For those of us who work in law schools, late summer is a special time of year. After the somnolence of the summer, the adrenalin starts to pump again as we gear up to welcome our new class and welcome back our returning students.
I’ve just learned that in our new class here at the University of Calgary, we’ll have no fewer than 44 different undergraduate institutions represented — 17 mother tongues, apart from English and French, are spoken. And I was thrilled to learn that a fifth of the class comes from a rural background. All of these things represent the fruits of a push by us to diversify our portfolio, so to speak. So it’s gratifying to see data like this.
Nevertheless, it’s a nervous time for me. I can’t speak for anyone else, but no matter how long I do this, I still feel as anxious on the first day of school as I did when I was 14 and starting high school. For me, adrenalin — and the desire to make sure that the new students have a happy start to their professional lives — is what keeps my nerves pointed in a productive direction.
Yet the beginning of the new school year also always has a certain poignancy and tenderness to it. Part of it, I suppose, is that I’m a Maritimer, and we are bred to be a sentimental lot. So with the entrance of each new cohort — and this year, we are welcoming the Class of 2020, which means that most of them never knew a world before 9/11 — one is conscious that another page in the calendar has blown away. There is a wonderful scene in the film The Bridge on the River Kwai in which Alec Guinness’ character, Colonel Nicholson, is talking with the Japanese commander on the night the bridge was completed. Nicholson becomes reflective, and says to Colonel Saito, “There are times when suddenly you realize you’re nearer the end than the beginning. And you wonder, you ask yourself, what the sum total of your life represents, what difference your being there at any time made to anything, or if it made any difference at all really.” Well, that captures pretty well how I feel at this time of year myself.
This year, though, there is a more pressing reason for the poignancy — the Class of 2020, like their schoolmates in the Classes of 2018 and 2019, is studying law at a time when the rule of law seems to be under siege. Many years ago, I got to know the late S.F.C. Milsom, the distinguished English legal historian. I remember him once talking about what he described as “the sheer unreality of studying public international law in the autumn of 1941.” He talked about how bizarre it was to be learning about the League of Nations and mandates and the obligation to disarm, “while most of Europe was under the Nazi jackboot.”As I watch our neighbours to the south constitutionally self-immolate, I can’t help but be reminded of what Professor Milsom said.

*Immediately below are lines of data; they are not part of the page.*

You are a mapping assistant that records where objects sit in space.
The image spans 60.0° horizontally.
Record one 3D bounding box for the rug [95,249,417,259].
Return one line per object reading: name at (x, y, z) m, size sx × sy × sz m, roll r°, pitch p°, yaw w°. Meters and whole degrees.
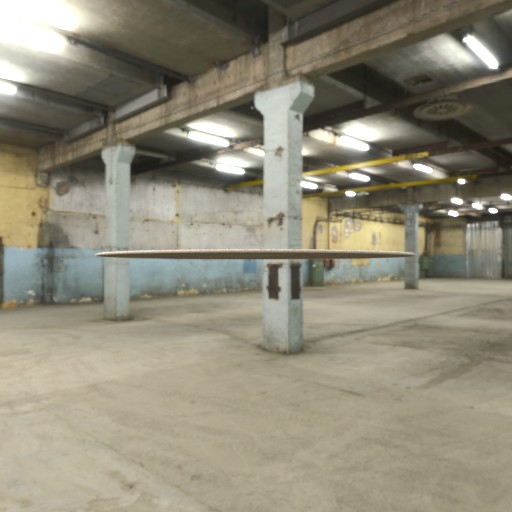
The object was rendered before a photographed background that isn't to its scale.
rug at (0.000, 0.000, 2.331) m, size 1.593 × 0.012 × 1.593 m, roll 0°, pitch -1°, yaw 0°
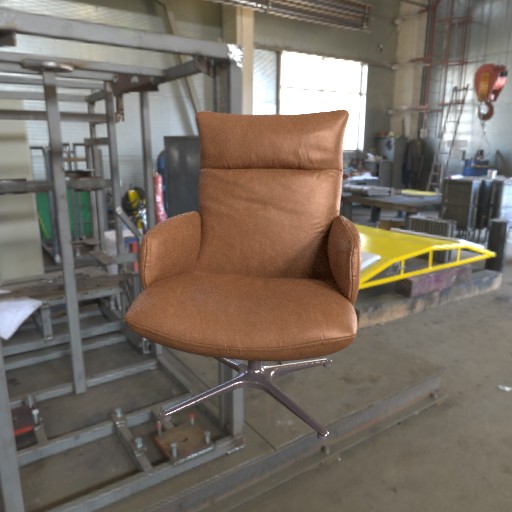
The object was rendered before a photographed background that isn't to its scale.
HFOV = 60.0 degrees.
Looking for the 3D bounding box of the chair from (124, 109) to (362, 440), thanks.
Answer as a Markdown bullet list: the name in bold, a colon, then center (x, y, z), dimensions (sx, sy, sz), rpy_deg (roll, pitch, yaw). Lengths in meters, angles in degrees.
- **chair**: center (0.000, 0.000, 1.567), dimensions (0.711, 1.027, 0.794), rpy_deg (3, 14, 10)
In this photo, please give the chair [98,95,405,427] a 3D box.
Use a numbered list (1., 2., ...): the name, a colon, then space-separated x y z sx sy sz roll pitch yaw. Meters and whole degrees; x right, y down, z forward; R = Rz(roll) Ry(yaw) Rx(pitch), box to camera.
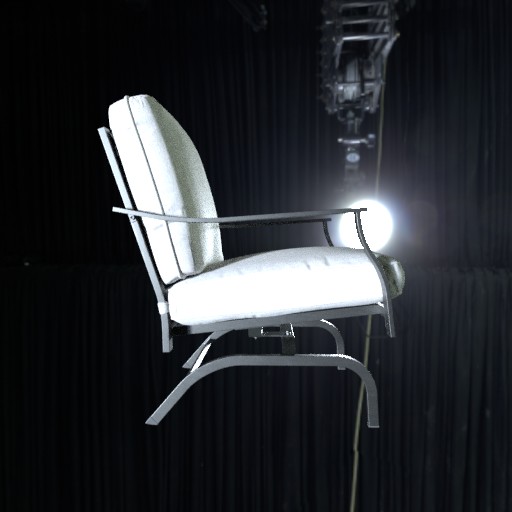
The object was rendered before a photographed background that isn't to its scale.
1. chair: 0.000 0.000 1.390 0.787 0.860 0.650 0 2 2
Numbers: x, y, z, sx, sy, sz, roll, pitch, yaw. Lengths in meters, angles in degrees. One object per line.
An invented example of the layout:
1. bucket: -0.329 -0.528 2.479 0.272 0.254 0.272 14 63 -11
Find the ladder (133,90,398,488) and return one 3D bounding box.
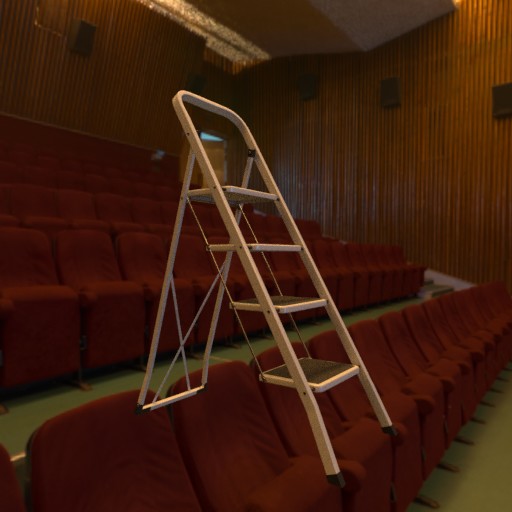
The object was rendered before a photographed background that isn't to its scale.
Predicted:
1. ladder: 0.000 0.000 1.661 0.914 1.265 0.460 0 0 36
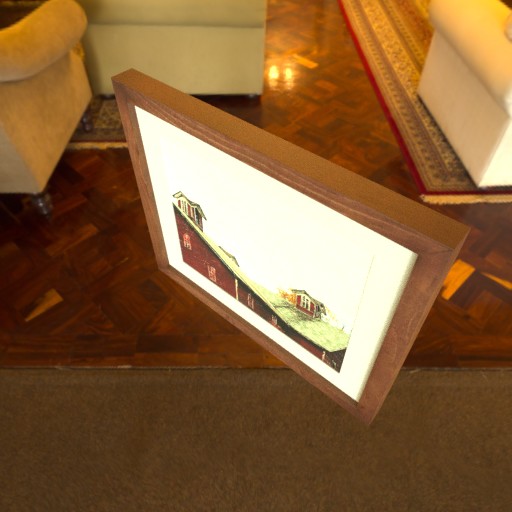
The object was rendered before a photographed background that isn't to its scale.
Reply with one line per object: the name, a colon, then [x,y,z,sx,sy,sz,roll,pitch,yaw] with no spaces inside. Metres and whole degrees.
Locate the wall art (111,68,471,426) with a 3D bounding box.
wall art: [0.000,0.000,0.535,0.401,0.328,0.030,33,56,26]
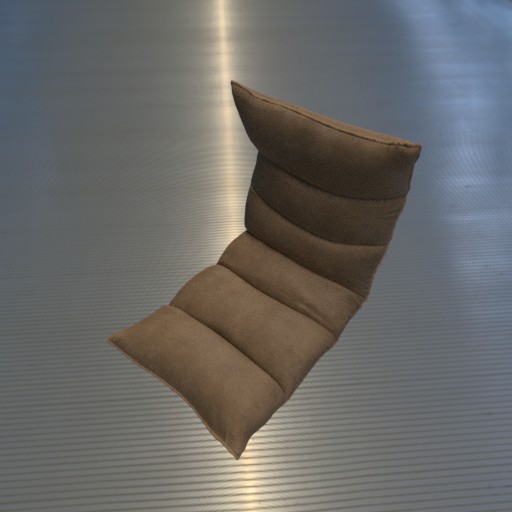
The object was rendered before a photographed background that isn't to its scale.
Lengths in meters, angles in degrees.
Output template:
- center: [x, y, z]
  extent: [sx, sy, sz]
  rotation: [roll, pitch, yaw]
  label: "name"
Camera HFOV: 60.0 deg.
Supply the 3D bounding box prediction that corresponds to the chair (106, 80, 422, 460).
- center: [0.000, 0.000, 1.597]
  extent: [0.714, 0.892, 0.985]
  rotation: [31, 54, 27]
  label: "chair"
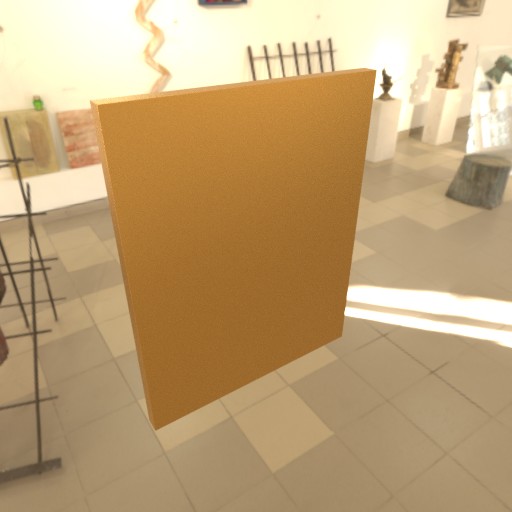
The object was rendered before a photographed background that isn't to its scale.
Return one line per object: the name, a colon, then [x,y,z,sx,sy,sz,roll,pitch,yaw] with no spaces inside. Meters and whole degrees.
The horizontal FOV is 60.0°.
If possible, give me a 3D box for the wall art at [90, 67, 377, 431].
wall art: [0.000,0.000,1.031,0.610,0.762,0.038,-19,36,-28]
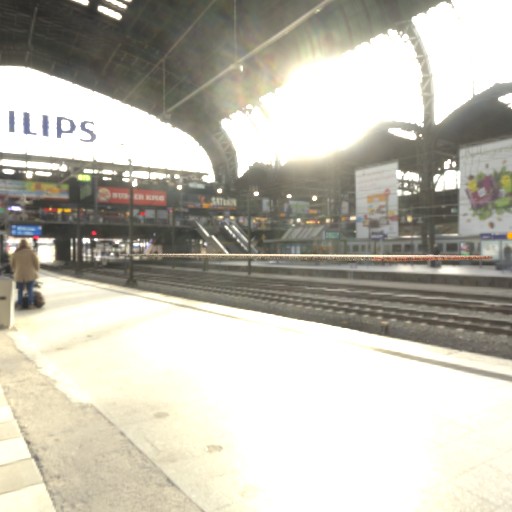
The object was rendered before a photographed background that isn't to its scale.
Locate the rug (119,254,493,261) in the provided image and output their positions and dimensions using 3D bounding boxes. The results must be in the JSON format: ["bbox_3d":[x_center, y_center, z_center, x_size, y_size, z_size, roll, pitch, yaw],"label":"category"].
[{"bbox_3d":[0.000,0.000,2.680,0.810,0.016,2.413,0,1,-37],"label":"rug"}]
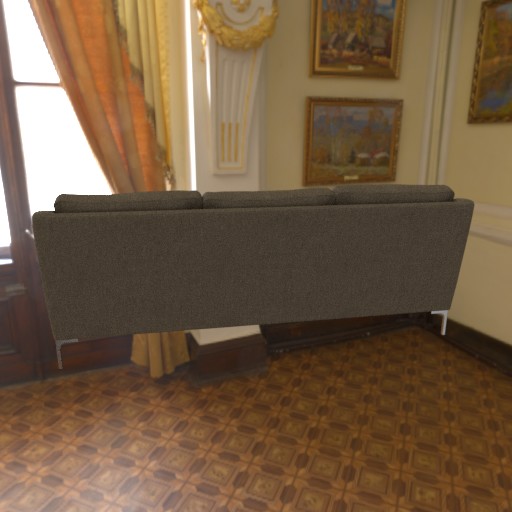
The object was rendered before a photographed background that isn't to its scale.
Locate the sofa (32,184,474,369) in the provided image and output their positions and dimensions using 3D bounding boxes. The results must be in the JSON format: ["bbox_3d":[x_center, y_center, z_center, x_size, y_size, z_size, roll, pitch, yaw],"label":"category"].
[{"bbox_3d":[0.000,0.000,2.475,2.060,0.837,0.849,-3,15,-10],"label":"sofa"}]
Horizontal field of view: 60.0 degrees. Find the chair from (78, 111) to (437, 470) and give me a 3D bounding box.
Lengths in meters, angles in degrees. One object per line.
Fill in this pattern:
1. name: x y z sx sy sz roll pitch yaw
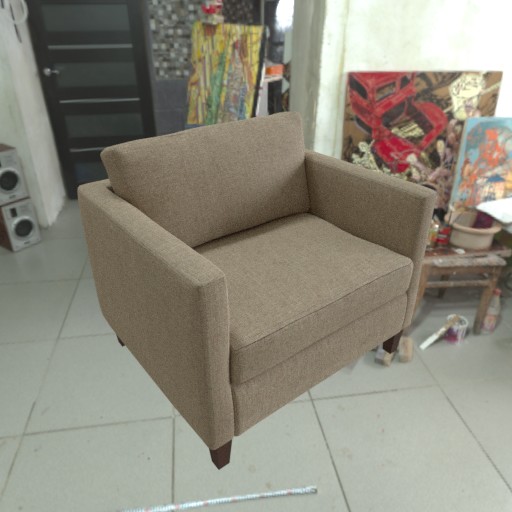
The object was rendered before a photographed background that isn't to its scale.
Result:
1. chair: 0.000 0.000 1.848 1.107 0.987 0.959 -21 36 -33
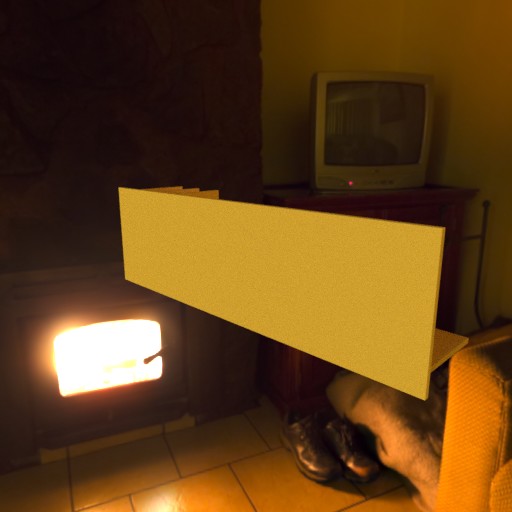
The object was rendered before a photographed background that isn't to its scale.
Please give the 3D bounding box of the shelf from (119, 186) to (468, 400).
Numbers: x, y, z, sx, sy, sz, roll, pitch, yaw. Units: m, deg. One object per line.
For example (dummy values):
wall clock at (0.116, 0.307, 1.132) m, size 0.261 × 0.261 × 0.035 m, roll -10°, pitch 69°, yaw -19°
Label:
shelf at (0.000, 0.000, 1.143) m, size 0.200 × 0.300 × 1.020 m, roll -13°, pitch 19°, yaw -43°
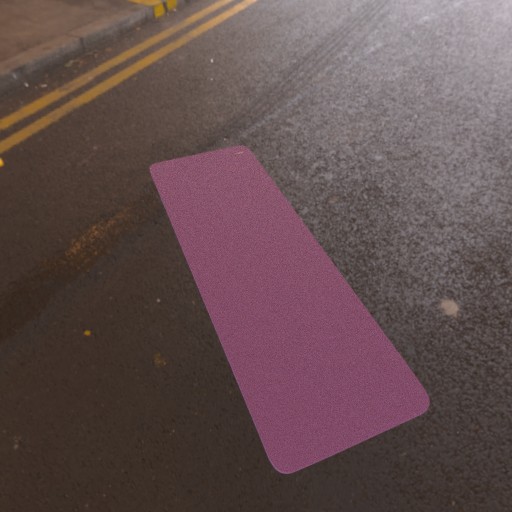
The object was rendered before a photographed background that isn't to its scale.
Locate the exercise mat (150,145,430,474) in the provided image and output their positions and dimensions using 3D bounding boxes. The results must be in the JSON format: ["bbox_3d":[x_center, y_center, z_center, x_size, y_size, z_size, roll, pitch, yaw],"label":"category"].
[{"bbox_3d":[0.000,0.000,2.080,0.616,0.021,1.869,-16,48,-15],"label":"exercise mat"}]
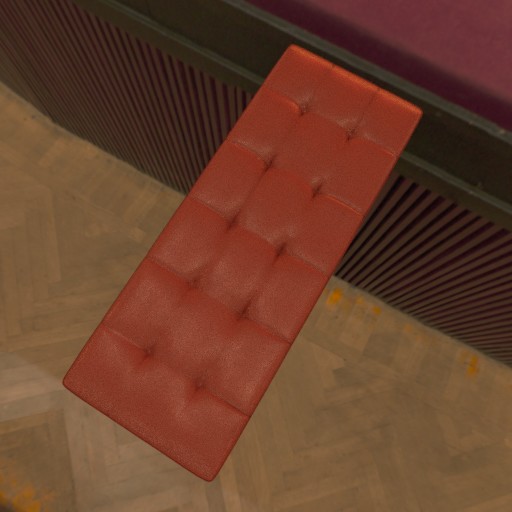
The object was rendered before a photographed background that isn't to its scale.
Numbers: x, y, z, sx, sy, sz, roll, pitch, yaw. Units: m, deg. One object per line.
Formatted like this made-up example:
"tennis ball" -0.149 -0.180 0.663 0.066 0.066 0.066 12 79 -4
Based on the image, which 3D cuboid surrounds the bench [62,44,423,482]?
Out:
"bench" 0.000 0.000 1.331 0.432 0.460 1.105 30 78 7
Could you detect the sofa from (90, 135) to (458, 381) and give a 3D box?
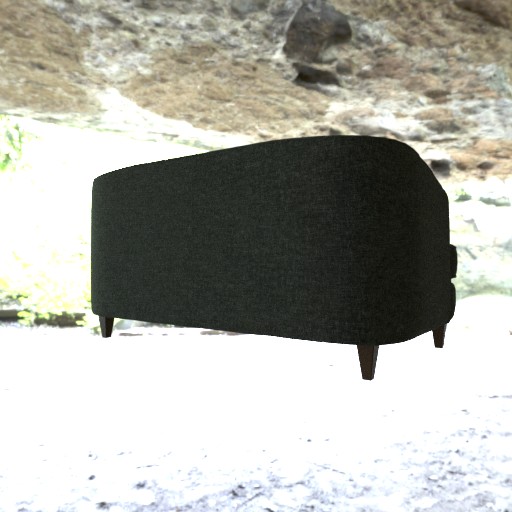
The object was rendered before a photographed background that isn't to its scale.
[{"bbox_3d":[0.000,0.000,2.218,1.733,0.855,0.941,0,0,34],"label":"sofa"}]
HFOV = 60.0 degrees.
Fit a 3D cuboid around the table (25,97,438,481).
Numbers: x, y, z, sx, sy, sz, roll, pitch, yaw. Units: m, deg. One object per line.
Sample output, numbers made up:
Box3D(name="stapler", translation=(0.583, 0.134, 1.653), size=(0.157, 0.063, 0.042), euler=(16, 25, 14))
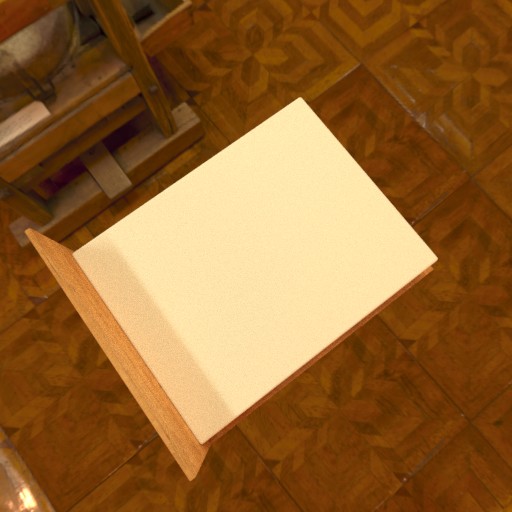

The last time I felt this way was when teaching administrative law in the spring of 2001. It seemed as if Robert Mugabe, in his conflict with the High Court of Zimbabwe, was going out of his way to give me a weekly supply of grist for the pedagogical mill. Reasonable apprehension of bias? Check. Use of privative clauses to deny judicial review of executive action? Check. Conferral of purported unlimited discretion? Check. Judicial resistance? Check. Packing the court? Check. And so on, and so on. It was probably the most dramatic context in which I’ve ever taught! Thanks to Mugabe and his cronies, the concepts I was teaching were given far more meaning than they ever could have in normal, day-to-day Canadian life. It was an exhilarating experience for me, and even now I will occasionally hear from former students who remember that semester. But at the same time, I was very conscious of the fact that my classroom excitement was grounded ultimately in the evisceration of the rule of law and in the misery and suffering of the people of Zimbabwe.
Undoubtedly, the Donald Trump presidency will make its way into many if not most Canadian law school classrooms this coming year. Almost certainly, it will in mine. Some of this, I regret to say, will likely be in the form of that self-satisfaction that constitutes an unfortunate part of our Canadian character when it comes to discussing the United States. On a deeper level, though, what America is enduring now offers a host of teaching opportunities for us. We are a monarchy and they are a republic. They had a revolution and we evolved toward independence. But we share a legal tradition, and many of the same social forces there also exist here, albeit on a muted scale.
It would be arrogant folly for us to completely dismiss America’s current agony as something that could never happen here. For one thing (and to harken back to my theme three columns ago), the ructions that are going on within the political branches of government remind us of just how critical a role respect for tradition plays in the constitutional systems of common law states. But “Trumpism,” if there is such a word, can also be a useful tool in human rights, in international law courses (in both their public and private varieties), in criminal law, in administrative law, in courses on negotiations and in so many others. The point is that while few of us like what is going on in the U.S. right now, we owe it to our students to at least make use of it as a teachable moment.